◆ **What needs to be done**: Span requested from the data below: the line with "To do: fit a" through the line with "Deliverable: oriented 3D", both included. Give only these lines again, exactly, and leave every picture out.

◆ **Dataset**:
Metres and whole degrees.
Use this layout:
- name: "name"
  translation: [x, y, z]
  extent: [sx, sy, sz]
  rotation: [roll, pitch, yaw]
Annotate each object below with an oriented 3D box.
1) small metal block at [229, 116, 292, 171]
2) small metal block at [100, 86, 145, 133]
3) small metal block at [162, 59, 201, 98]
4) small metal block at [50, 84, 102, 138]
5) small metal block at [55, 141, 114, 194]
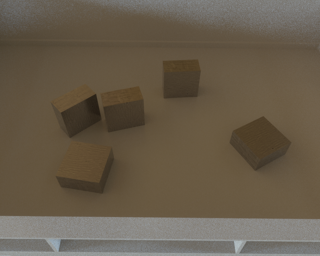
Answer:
- name: "small metal block"
  translation: [0.126, 0.019, 0.391]
  extent: [0.050, 0.025, 0.050]
  rotation: [-24, 54, -19]
- name: "small metal block"
  translation: [-0.048, -0.024, 0.409]
  extent: [0.050, 0.050, 0.025]
  rotation: [-12, 51, -10]
- name: "small metal block"
  translation: [0.030, -0.071, 0.449]
  extent: [0.050, 0.050, 0.025]
  rotation: [-3, 50, -3]
- name: "small metal block"
  translation: [-0.108, -0.022, 0.406]
  extent: [0.050, 0.050, 0.025]
  rotation: [-34, 58, -25]
- name: "small metal block"
  translation: [-0.087, 0.046, 0.366]
  extent: [0.050, 0.025, 0.050]
  rotation: [8, 50, 6]
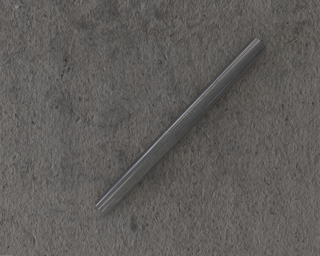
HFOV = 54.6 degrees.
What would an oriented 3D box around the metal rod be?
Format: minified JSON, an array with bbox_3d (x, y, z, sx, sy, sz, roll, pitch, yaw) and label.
[{"bbox_3d":[0.027,-0.002,0.410,0.025,0.025,0.300,44,90,0],"label":"metal rod"}]
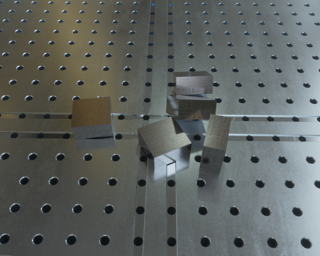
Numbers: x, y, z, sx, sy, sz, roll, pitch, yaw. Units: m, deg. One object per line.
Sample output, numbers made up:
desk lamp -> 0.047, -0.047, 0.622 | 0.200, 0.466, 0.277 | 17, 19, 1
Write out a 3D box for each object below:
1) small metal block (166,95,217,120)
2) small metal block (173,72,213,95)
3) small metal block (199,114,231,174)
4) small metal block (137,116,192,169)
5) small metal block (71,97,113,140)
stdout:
small metal block -> 0.040, -0.028, 0.409 | 0.050, 0.025, 0.050 | 0, 12, -16
small metal block -> 0.046, -0.066, 0.449 | 0.050, 0.025, 0.050 | -3, 18, -2
small metal block -> 0.067, 0.020, 0.375 | 0.025, 0.050, 0.050 | 12, 51, 10
small metal block -> 0.005, 0.017, 0.393 | 0.050, 0.025, 0.050 | -20, 53, -16
small metal block -> -0.091, -0.014, 0.419 | 0.050, 0.025, 0.050 | -6, 50, -5
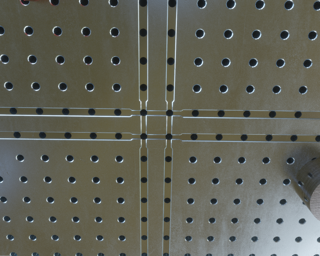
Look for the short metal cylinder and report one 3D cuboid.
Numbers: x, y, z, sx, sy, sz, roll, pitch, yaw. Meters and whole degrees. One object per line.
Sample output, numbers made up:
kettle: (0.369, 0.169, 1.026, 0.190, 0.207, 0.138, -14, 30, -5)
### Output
short metal cylinder: (0.240, 0.087, 0.434, 0.081, 0.050, 0.079, 0, 110, 0)
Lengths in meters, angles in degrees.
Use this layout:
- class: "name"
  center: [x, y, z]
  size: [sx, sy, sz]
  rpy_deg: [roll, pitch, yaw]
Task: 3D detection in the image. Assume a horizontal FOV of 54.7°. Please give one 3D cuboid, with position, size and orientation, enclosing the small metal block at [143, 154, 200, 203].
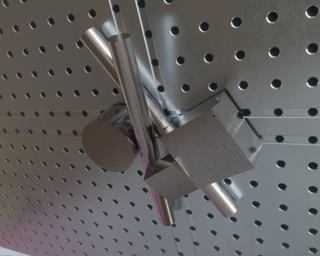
- class: "small metal block"
  center: [0.016, 0.063, 0.396]
  size: [0.050, 0.025, 0.050]
  rpy_deg: [-33, 115, 30]

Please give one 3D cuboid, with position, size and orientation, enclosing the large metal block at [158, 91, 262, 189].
- class: "large metal block"
  center: [0.060, 0.016, 0.368]
  size: [0.080, 0.050, 0.080]
  rpy_deg: [-30, 102, 38]

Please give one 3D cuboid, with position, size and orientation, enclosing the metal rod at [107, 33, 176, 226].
- class: "metal rod"
  center: [-0.015, 0.026, 0.405]
  size: [0.025, 0.025, 0.298]
  rpy_deg: [6, 129, 25]

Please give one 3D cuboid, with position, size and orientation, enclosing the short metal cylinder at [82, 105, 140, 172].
- class: "short metal cylinder"
  center: [-0.060, 0.014, 0.431]
  size: [0.080, 0.050, 0.079]
  rpy_deg: [13, 124, 20]

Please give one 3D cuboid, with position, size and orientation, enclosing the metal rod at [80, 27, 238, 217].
- class: "metal rod"
  center: [0.004, -0.001, 0.403]
  size: [0.025, 0.025, 0.300]
  rpy_deg: [-32, 102, 38]
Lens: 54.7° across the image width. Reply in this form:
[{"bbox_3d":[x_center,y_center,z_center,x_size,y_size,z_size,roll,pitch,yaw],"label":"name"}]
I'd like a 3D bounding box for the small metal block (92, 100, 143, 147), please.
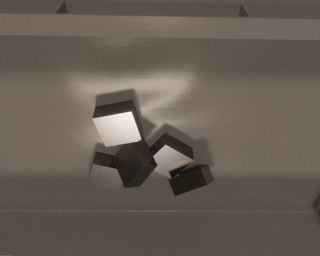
[{"bbox_3d":[-0.054,-0.005,0.404,0.050,0.025,0.050,-10,130,8],"label":"small metal block"}]

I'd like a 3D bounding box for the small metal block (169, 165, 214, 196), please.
[{"bbox_3d":[0.048,0.077,0.457,0.050,0.025,0.050,-24,170,19],"label":"small metal block"}]

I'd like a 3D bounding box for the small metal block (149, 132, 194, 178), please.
[{"bbox_3d":[0.012,0.041,0.444,0.050,0.025,0.050,30,124,-24],"label":"small metal block"}]

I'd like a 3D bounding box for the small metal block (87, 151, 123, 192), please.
[{"bbox_3d":[-0.078,0.066,0.464,0.050,0.025,0.050,14,129,-13],"label":"small metal block"}]

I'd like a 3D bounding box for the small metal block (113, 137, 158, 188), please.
[{"bbox_3d":[-0.036,0.047,0.428,0.025,0.050,0.050,3,136,-41],"label":"small metal block"}]
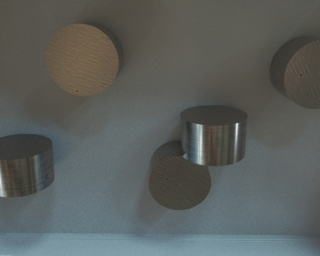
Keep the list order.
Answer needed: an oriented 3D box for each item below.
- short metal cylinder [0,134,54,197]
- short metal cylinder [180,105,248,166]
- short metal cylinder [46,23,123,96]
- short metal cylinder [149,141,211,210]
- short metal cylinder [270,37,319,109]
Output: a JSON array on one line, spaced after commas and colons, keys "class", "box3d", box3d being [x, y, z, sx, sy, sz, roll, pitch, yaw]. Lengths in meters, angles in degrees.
[{"class": "short metal cylinder", "box3d": [-0.179, 0.045, 0.397, 0.081, 0.080, 0.050, 3, 110, -1]}, {"class": "short metal cylinder", "box3d": [0.066, 0.007, 0.385, 0.080, 0.080, 0.050, -2, 110, 0]}, {"class": "short metal cylinder", "box3d": [-0.086, -0.083, 0.367, 0.081, 0.050, 0.079, 0, 110, 0]}, {"class": "short metal cylinder", "box3d": [0.026, 0.063, 0.421, 0.081, 0.050, 0.079, 0, 110, 0]}, {"class": "short metal cylinder", "box3d": [0.181, -0.068, 0.374, 0.081, 0.050, 0.079, 0, 110, 0]}]
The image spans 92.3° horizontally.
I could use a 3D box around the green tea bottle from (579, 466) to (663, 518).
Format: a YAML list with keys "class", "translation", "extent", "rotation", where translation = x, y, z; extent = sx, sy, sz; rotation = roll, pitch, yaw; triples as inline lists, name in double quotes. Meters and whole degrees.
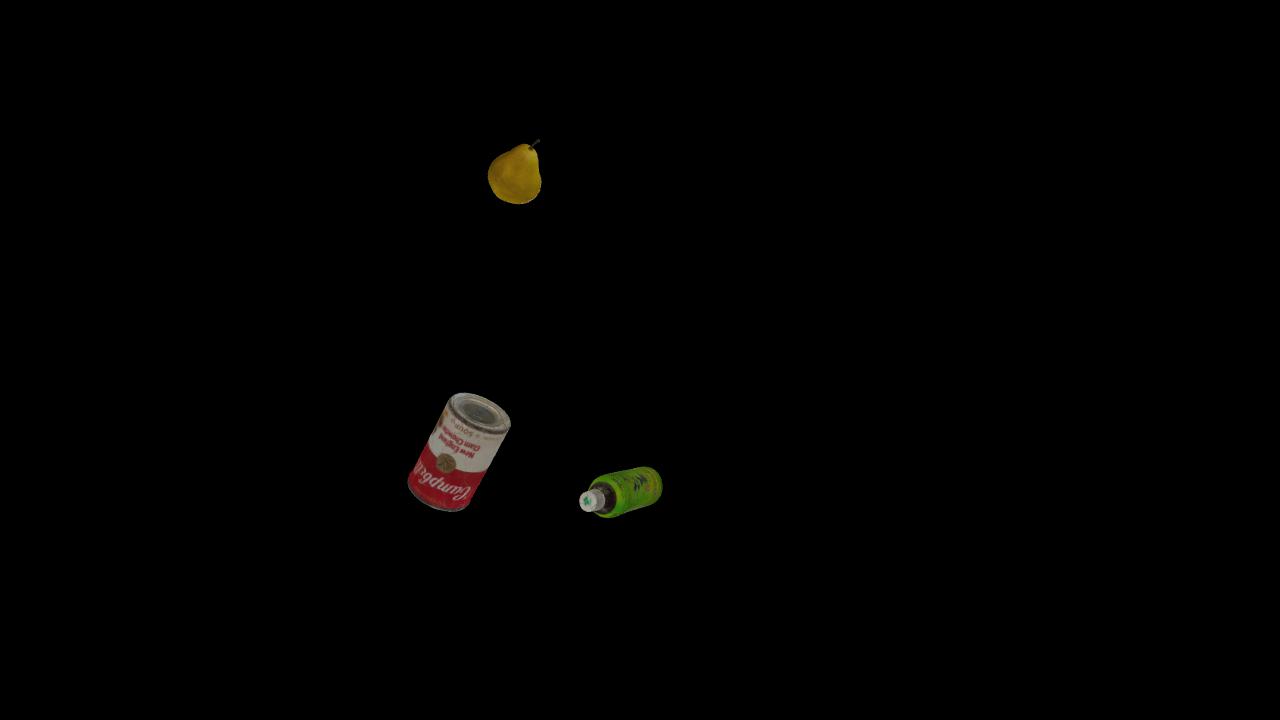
- class: "green tea bottle"
  translation: [-0.032, 0.217, 1.001]
  extent: [0.073, 0.073, 0.212]
  rotation: [0, -3, 24]

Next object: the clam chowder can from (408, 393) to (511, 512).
- class: "clam chowder can"
  translation: [-0.182, 0.092, 0.623]
  extent: [0.068, 0.102, 0.068]
  rotation: [29, 14, -8]

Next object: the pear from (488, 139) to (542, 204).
- class: "pear"
  translation: [-0.179, -0.283, 0.904]
  extent: [0.080, 0.080, 0.111]
  rotation: [0, -30, -23]
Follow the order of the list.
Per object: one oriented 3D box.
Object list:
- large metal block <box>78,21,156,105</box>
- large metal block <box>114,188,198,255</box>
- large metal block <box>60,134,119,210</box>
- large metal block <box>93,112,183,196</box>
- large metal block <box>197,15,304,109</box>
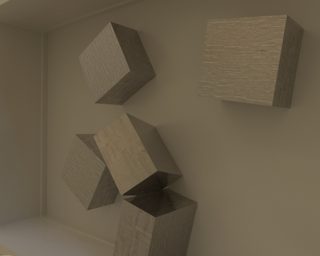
[{"bbox_3d":[-0.063,-0.089,0.443,0.080,0.050,0.080,-35,69,34],"label":"large metal block"},{"bbox_3d":[-0.005,0.126,0.375,0.050,0.081,0.079,18,102,38],"label":"large metal block"},{"bbox_3d":[-0.099,0.064,0.473,0.080,0.050,0.079,38,113,33],"label":"large metal block"},{"bbox_3d":[-0.025,0.036,0.384,0.050,0.080,0.080,-36,66,13],"label":"large metal block"},{"bbox_3d":[0.091,-0.065,0.316,0.080,0.050,0.079,12,98,39],"label":"large metal block"}]
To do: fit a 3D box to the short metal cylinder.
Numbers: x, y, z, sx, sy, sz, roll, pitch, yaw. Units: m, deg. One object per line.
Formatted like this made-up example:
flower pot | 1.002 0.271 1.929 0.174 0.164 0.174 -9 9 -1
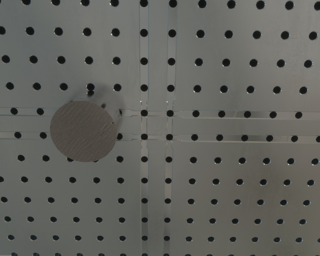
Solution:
short metal cylinder | -0.092 -0.003 0.398 0.080 0.050 0.079 0 110 0
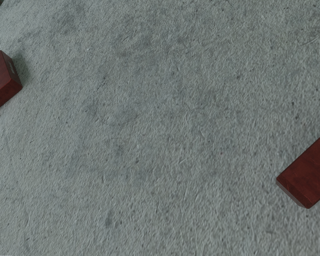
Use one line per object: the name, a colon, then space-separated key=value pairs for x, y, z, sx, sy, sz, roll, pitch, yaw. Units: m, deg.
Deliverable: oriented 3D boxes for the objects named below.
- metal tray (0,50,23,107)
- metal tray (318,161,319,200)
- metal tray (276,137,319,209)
metal tray: x=-0.341 y=-0.096 z=0.639 sx=0.090 sy=0.030 sz=0.130 roll=-39 pitch=51 yaw=1
metal tray: x=0.162 y=-0.005 z=0.255 sx=0.030 sy=0.090 sz=0.130 roll=7 pitch=76 yaw=15
metal tray: x=0.155 y=0.011 z=0.255 sx=0.130 sy=0.090 sz=0.030 roll=-45 pitch=67 yaw=5
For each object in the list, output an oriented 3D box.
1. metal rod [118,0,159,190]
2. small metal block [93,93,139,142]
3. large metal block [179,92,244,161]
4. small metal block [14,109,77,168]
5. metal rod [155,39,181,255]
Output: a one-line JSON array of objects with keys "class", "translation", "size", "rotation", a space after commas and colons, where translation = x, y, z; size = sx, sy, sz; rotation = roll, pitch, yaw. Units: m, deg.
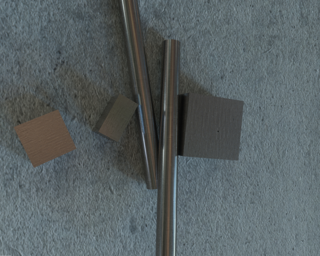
[{"class": "metal rod", "translation": [-0.027, -0.070, 0.399], "size": [0.025, 0.025, 0.298], "rotation": [-10, 93, -20]}, {"class": "small metal block", "translation": [-0.055, -0.012, 0.376], "size": [0.025, 0.050, 0.050], "rotation": [31, 80, -18]}, {"class": "large metal block", "translation": [0.061, -0.001, 0.420], "size": [0.081, 0.050, 0.080], "rotation": [6, 88, -20]}, {"class": "small metal block", "translation": [-0.133, 0.011, 0.360], "size": [0.050, 0.025, 0.050], "rotation": [-25, 99, -19]}, {"class": "metal rod", "translation": [0.011, 0.033, 0.392], "size": [0.025, 0.025, 0.298], "rotation": [5, 80, -20]}]
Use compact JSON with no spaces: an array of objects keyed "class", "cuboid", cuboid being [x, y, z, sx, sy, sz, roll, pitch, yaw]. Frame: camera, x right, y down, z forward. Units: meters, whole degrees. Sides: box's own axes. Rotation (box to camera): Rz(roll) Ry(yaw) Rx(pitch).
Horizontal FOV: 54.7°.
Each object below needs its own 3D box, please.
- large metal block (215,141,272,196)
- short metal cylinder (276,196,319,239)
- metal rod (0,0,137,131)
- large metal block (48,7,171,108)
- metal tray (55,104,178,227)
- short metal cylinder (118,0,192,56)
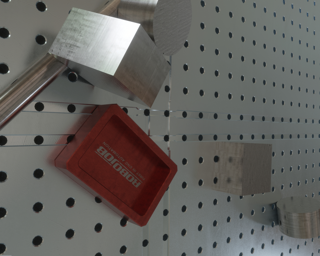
[{"class":"large metal block","cuboid":[0.139,0.064,0.509,0.081,0.050,0.080,4,87,-40]},{"class":"short metal cylinder","cuboid":[0.271,0.171,0.601,0.081,0.080,0.050,-15,100,-39]},{"class":"metal rod","cuboid":[-0.092,-0.087,0.331,0.301,0.025,0.025,-53,121,-27]},{"class":"large metal block","cuboid":[-0.046,-0.068,0.311,0.050,0.080,0.080,-64,154,-6]},{"class":"metal tray","cuboid":[-0.044,0.045,0.368,0.130,0.030,0.090,47,62,-30]},{"class":"short metal cylinder","cuboid":[-0.004,-0.131,0.370,0.081,0.050,0.079,-35,135,-44]}]
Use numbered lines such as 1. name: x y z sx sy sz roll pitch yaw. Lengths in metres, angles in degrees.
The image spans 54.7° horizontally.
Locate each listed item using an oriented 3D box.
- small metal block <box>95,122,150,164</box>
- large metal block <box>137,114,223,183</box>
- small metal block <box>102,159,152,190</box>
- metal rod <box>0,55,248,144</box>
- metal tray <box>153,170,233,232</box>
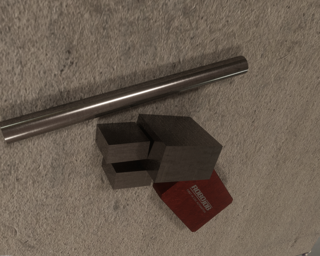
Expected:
1. small metal block: -0.047 0.016 0.377 0.050 0.050 0.025 -4 120 -27
2. large metal block: 0.018 0.024 0.398 0.081 0.080 0.050 2 117 -30
3. small metal block: -0.043 0.052 0.401 0.050 0.050 0.025 -1 119 -29
4. metal rod: -0.026 -0.040 0.369 0.302 0.025 0.025 -18 126 -18
5. metal tray: 0.057 0.106 0.503 0.090 0.030 0.130 -38 130 -3
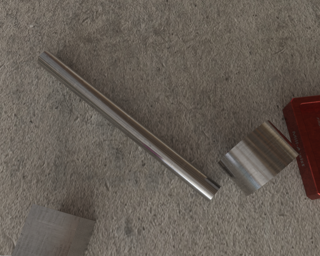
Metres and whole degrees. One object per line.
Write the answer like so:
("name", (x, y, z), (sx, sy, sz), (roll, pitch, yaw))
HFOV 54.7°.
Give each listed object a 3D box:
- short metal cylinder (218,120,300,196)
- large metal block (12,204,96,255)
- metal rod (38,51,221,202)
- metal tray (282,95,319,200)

◆ **Response area**:
To do: fit a 3D box to the short metal cylinder.
Numbers: x, y, z, sx, sy, sz, roll, pitch, yaw. Units: m, deg. One object per line.
Formatted like this made-up example:
flower pot | 1.002 0.271 1.929 0.174 0.164 0.174 -9 9 -1
Solution:
short metal cylinder | -0.092 -0.003 0.398 0.080 0.050 0.079 0 110 0
Use one line per object: the name, a colon, then space-separated key=value pairs for x, y, z, sx, sy, sz, roll, pitch, yaw. Units: m, deg.
Deliverable: oriented 3D boxes for the objects named below.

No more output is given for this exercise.